### Data provided:
· · · · · · ·

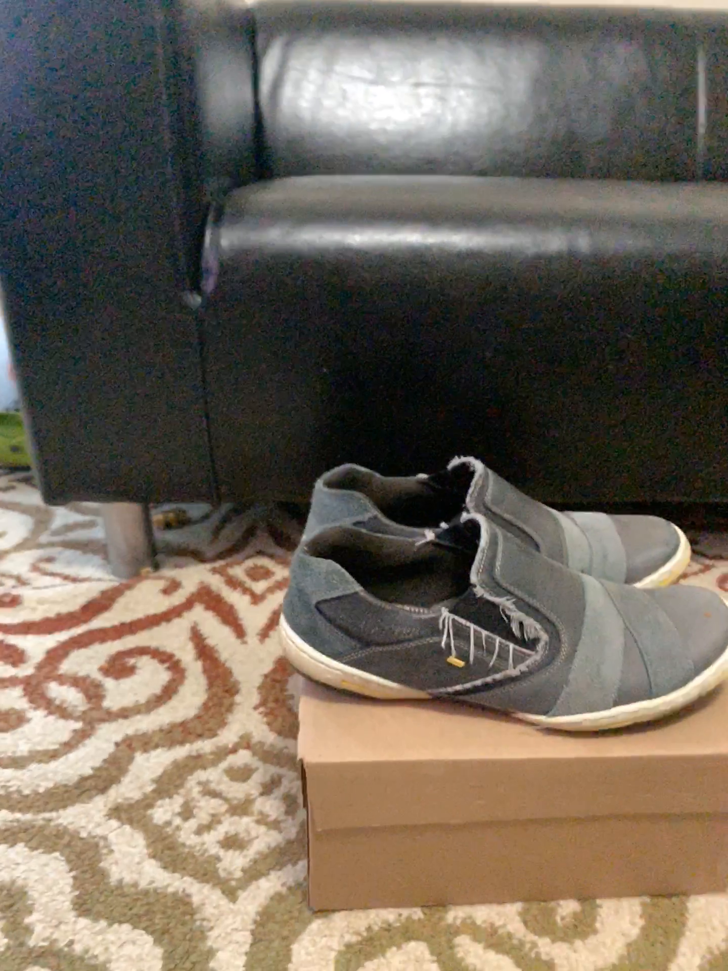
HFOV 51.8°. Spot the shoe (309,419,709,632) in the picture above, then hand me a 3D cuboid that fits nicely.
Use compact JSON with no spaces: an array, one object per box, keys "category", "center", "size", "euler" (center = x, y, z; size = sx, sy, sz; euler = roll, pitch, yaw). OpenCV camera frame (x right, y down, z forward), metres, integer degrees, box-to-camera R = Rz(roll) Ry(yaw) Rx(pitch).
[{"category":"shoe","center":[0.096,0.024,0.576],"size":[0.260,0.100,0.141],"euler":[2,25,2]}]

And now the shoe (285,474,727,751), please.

· · · · · · ·

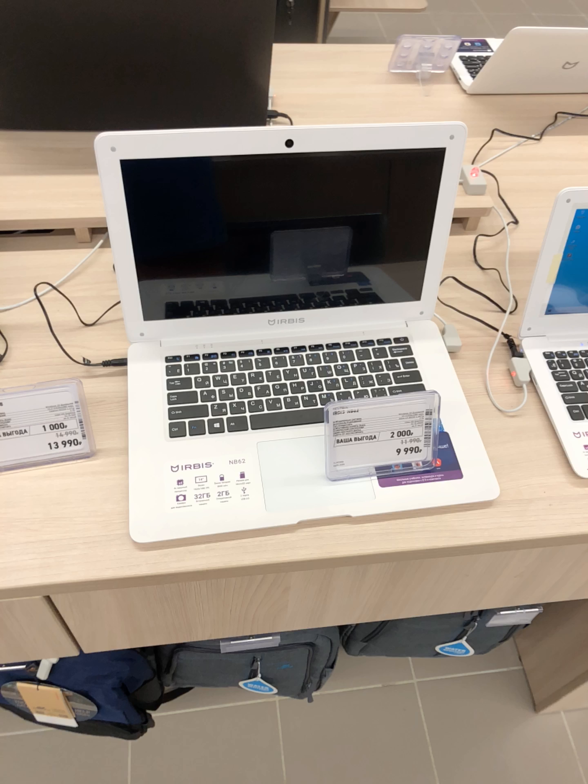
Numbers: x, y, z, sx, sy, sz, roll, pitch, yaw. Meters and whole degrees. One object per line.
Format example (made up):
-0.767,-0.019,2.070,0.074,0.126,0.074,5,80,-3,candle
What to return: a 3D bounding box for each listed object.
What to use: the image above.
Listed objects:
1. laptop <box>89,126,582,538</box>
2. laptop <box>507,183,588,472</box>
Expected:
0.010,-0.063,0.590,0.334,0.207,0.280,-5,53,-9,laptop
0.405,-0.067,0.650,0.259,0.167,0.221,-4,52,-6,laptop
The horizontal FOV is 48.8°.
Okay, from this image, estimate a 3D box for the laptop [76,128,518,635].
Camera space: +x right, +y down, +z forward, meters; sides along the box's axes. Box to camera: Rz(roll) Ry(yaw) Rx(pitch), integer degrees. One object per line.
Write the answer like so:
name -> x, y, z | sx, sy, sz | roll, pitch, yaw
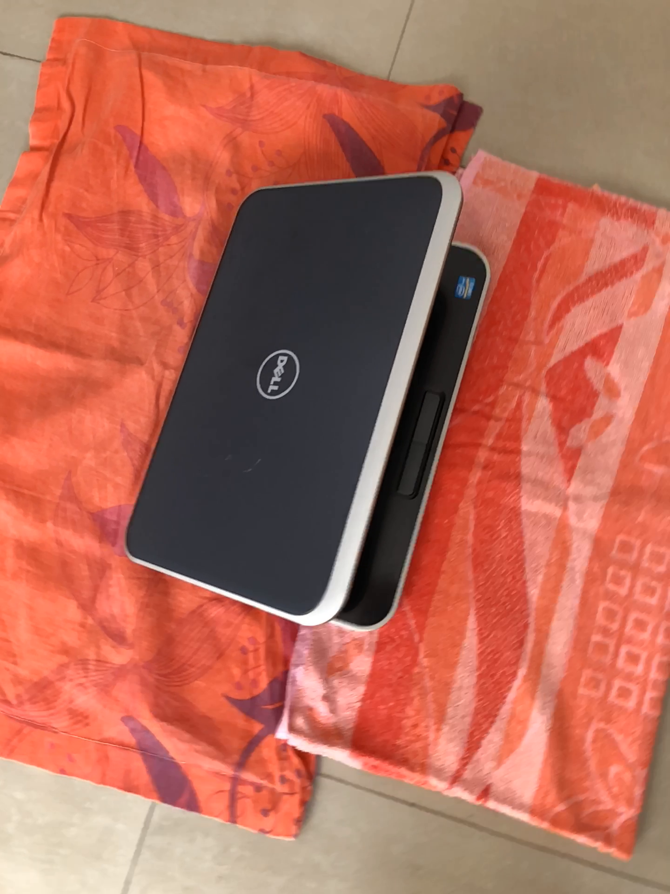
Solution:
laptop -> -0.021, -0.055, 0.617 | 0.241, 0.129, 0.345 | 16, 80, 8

· · · · · · ·

### Task description:
Look over the data and work out how many lines include the word "above"; reply with the number only.

### The completed task:
2